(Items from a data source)
- Opening Delimiter -

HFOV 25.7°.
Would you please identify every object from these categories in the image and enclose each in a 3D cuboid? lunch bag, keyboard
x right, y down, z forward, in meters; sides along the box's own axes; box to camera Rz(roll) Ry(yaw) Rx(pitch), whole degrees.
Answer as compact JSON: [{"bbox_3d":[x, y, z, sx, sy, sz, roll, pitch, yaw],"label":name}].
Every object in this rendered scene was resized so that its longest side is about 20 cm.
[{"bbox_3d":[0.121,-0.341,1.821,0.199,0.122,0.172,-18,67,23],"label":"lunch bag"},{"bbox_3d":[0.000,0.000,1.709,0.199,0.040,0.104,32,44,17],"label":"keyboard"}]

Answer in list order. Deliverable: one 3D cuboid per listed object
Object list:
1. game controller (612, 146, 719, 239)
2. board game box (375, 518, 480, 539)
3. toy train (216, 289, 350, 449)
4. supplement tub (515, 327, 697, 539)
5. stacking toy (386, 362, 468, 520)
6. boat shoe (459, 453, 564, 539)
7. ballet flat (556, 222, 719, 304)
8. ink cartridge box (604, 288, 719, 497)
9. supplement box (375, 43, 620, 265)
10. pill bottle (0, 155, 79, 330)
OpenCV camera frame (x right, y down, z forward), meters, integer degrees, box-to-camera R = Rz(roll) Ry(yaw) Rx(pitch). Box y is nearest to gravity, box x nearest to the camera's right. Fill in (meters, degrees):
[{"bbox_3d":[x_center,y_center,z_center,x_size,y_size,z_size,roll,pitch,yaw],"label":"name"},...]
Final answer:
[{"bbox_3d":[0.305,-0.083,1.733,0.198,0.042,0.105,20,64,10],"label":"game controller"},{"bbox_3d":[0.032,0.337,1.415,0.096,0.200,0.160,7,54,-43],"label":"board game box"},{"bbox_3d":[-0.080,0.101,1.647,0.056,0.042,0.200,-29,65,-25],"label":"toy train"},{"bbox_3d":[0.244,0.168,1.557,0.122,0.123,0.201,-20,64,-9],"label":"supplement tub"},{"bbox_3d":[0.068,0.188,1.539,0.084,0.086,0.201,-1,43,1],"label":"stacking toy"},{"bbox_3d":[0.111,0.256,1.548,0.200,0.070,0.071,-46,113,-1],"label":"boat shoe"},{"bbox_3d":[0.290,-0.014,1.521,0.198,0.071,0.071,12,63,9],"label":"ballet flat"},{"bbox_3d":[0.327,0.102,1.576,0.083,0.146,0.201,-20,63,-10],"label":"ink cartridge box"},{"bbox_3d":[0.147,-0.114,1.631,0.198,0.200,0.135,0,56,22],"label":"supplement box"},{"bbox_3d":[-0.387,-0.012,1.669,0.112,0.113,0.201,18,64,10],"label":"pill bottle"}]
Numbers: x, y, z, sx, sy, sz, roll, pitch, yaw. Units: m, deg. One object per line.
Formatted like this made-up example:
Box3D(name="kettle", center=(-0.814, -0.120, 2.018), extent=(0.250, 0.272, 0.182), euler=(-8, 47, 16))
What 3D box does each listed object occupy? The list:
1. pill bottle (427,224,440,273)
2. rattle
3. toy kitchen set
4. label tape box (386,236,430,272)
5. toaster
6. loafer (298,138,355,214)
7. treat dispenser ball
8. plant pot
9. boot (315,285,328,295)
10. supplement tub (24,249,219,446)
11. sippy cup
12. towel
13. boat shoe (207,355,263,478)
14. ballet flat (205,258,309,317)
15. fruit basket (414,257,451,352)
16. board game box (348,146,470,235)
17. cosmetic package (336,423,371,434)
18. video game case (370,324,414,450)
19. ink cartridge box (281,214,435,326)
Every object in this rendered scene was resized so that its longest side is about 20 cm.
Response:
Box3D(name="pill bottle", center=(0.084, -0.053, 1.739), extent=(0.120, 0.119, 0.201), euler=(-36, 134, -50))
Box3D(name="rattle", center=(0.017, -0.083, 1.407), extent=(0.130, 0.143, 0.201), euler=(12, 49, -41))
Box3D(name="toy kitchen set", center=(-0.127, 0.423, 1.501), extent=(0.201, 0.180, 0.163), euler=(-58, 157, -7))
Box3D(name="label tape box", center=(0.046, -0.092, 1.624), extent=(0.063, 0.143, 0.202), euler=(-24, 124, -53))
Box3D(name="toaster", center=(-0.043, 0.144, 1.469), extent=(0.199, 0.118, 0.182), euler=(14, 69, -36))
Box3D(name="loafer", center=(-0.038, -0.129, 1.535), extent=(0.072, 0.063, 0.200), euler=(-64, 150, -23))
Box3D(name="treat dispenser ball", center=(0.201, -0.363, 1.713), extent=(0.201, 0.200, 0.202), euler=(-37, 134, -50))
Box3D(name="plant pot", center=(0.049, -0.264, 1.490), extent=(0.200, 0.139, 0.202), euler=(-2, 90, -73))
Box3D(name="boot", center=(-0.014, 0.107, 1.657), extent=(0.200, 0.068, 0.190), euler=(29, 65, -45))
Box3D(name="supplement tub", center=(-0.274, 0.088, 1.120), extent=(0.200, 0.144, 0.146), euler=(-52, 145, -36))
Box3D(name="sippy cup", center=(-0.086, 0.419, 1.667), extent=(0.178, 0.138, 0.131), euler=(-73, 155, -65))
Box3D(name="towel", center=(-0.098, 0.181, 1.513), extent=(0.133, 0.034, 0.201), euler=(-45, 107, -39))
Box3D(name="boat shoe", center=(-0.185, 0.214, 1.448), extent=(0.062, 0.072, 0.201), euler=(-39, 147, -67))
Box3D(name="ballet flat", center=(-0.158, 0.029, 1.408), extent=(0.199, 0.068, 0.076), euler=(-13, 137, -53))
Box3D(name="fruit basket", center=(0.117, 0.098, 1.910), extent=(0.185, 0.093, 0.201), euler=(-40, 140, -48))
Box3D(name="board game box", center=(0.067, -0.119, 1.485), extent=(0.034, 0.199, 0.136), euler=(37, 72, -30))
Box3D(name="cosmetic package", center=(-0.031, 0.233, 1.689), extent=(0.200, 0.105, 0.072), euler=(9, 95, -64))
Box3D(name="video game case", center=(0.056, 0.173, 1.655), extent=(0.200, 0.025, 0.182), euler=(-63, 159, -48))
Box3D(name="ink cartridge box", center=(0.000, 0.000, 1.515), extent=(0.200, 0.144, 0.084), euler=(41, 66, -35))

- Closing Delimiter -
- Opening Delimiter -

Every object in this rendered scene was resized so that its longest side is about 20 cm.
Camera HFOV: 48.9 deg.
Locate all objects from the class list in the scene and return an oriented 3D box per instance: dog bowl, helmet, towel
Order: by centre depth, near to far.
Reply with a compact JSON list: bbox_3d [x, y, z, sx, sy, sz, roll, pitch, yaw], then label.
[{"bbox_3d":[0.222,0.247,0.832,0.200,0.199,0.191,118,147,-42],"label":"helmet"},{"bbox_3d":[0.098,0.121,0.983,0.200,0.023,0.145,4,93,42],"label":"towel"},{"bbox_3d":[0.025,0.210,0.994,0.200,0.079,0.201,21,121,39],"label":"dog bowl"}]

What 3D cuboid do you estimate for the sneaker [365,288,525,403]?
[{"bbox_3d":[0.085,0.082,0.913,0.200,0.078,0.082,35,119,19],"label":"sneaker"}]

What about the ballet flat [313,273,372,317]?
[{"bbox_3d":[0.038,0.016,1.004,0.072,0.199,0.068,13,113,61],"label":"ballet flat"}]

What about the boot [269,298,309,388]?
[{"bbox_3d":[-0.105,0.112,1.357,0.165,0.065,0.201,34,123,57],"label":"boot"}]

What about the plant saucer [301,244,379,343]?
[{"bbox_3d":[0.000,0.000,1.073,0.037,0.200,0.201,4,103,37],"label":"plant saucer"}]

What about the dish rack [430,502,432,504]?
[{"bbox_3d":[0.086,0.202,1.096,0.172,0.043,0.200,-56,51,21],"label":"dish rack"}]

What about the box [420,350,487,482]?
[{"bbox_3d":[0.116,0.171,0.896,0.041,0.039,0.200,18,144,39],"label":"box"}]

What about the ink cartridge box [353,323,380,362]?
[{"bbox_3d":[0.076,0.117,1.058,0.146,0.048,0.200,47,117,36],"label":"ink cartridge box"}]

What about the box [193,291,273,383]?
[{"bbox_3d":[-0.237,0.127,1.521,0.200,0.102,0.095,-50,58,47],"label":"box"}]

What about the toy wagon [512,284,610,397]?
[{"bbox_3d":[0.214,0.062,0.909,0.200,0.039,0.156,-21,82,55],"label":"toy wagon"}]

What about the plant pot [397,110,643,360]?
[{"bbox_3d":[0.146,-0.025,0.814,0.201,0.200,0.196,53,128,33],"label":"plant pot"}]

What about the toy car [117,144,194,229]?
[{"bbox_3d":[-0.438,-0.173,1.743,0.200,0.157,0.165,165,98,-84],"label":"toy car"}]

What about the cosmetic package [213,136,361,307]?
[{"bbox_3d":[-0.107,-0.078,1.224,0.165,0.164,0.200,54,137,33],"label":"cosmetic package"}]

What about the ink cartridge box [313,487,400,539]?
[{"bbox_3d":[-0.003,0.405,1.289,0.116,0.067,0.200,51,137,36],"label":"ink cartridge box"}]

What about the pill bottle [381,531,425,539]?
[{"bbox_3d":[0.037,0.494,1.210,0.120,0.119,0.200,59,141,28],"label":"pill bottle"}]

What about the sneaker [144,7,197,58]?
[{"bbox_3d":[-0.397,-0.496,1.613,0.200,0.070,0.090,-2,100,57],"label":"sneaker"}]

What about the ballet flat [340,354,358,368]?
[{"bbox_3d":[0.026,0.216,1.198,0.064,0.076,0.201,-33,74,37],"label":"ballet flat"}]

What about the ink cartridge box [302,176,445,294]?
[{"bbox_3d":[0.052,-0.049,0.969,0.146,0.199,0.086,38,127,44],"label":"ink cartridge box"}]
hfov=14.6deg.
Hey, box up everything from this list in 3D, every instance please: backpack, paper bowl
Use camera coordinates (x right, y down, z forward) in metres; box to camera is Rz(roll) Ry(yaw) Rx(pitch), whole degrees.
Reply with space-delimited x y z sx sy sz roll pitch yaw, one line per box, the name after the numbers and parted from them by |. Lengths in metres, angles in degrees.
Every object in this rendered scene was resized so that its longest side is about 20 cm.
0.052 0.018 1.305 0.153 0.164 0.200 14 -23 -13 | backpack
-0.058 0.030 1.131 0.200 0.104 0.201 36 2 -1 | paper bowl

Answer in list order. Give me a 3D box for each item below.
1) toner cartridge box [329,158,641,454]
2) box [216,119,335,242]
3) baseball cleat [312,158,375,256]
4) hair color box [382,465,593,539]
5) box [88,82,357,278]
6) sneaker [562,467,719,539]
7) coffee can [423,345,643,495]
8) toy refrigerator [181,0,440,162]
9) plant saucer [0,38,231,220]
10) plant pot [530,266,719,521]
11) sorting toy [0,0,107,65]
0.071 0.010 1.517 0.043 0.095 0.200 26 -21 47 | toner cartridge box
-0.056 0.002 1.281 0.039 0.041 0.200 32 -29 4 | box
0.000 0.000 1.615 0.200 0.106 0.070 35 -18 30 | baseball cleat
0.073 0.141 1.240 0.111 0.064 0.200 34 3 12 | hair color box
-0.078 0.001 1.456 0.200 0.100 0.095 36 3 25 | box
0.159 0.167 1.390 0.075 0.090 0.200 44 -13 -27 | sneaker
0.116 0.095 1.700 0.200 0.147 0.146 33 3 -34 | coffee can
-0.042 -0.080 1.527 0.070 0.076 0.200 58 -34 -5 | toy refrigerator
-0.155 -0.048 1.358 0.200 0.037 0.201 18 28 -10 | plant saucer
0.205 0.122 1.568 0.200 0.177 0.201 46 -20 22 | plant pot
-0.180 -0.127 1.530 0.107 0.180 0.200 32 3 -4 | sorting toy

- Closing Delimiter -

— Problem —
Looking at the data above, write out exactly the lines that start at the one containing "2. board game box (375, 518, 480, 539)" and end at the one containing "14. ballet flat (205,258,309,317)"; include both and nothing beyond.

— Solution to the problem —
2. board game box (375, 518, 480, 539)
3. toy train (216, 289, 350, 449)
4. supplement tub (515, 327, 697, 539)
5. stacking toy (386, 362, 468, 520)
6. boat shoe (459, 453, 564, 539)
7. ballet flat (556, 222, 719, 304)
8. ink cartridge box (604, 288, 719, 497)
9. supplement box (375, 43, 620, 265)
10. pill bottle (0, 155, 79, 330)
OpenCV camera frame (x right, y down, z forward), meters, integer degrees, box-to-camera R = Rz(roll) Ry(yaw) Rx(pitch). Box y is nearest to gravity, box x nearest to the camera's right. Fill in (meters, degrees):
[{"bbox_3d":[x_center,y_center,z_center,x_size,y_size,z_size,roll,pitch,yaw],"label":"name"},...]
Final answer:
[{"bbox_3d":[0.305,-0.083,1.733,0.198,0.042,0.105,20,64,10],"label":"game controller"},{"bbox_3d":[0.032,0.337,1.415,0.096,0.200,0.160,7,54,-43],"label":"board game box"},{"bbox_3d":[-0.080,0.101,1.647,0.056,0.042,0.200,-29,65,-25],"label":"toy train"},{"bbox_3d":[0.244,0.168,1.557,0.122,0.123,0.201,-20,64,-9],"label":"supplement tub"},{"bbox_3d":[0.068,0.188,1.539,0.084,0.086,0.201,-1,43,1],"label":"stacking toy"},{"bbox_3d":[0.111,0.256,1.548,0.200,0.070,0.071,-46,113,-1],"label":"boat shoe"},{"bbox_3d":[0.290,-0.014,1.521,0.198,0.071,0.071,12,63,9],"label":"ballet flat"},{"bbox_3d":[0.327,0.102,1.576,0.083,0.146,0.201,-20,63,-10],"label":"ink cartridge box"},{"bbox_3d":[0.147,-0.114,1.631,0.198,0.200,0.135,0,56,22],"label":"supplement box"},{"bbox_3d":[-0.387,-0.012,1.669,0.112,0.113,0.201,18,64,10],"label":"pill bottle"}]
Numbers: x, y, z, sx, sy, sz, roll, pitch, yaw. Units: m, deg. One object per line.
Formatted like this made-up example:
Box3D(name="kettle", center=(-0.814, -0.120, 2.018), extent=(0.250, 0.272, 0.182), euler=(-8, 47, 16))
What 3D box does each listed object occupy? The list:
1. pill bottle (427,224,440,273)
2. rattle
3. toy kitchen set
4. label tape box (386,236,430,272)
5. toaster
6. loafer (298,138,355,214)
7. treat dispenser ball
8. plant pot
9. boot (315,285,328,295)
10. supplement tub (24,249,219,446)
11. sippy cup
12. towel
13. boat shoe (207,355,263,478)
14. ballet flat (205,258,309,317)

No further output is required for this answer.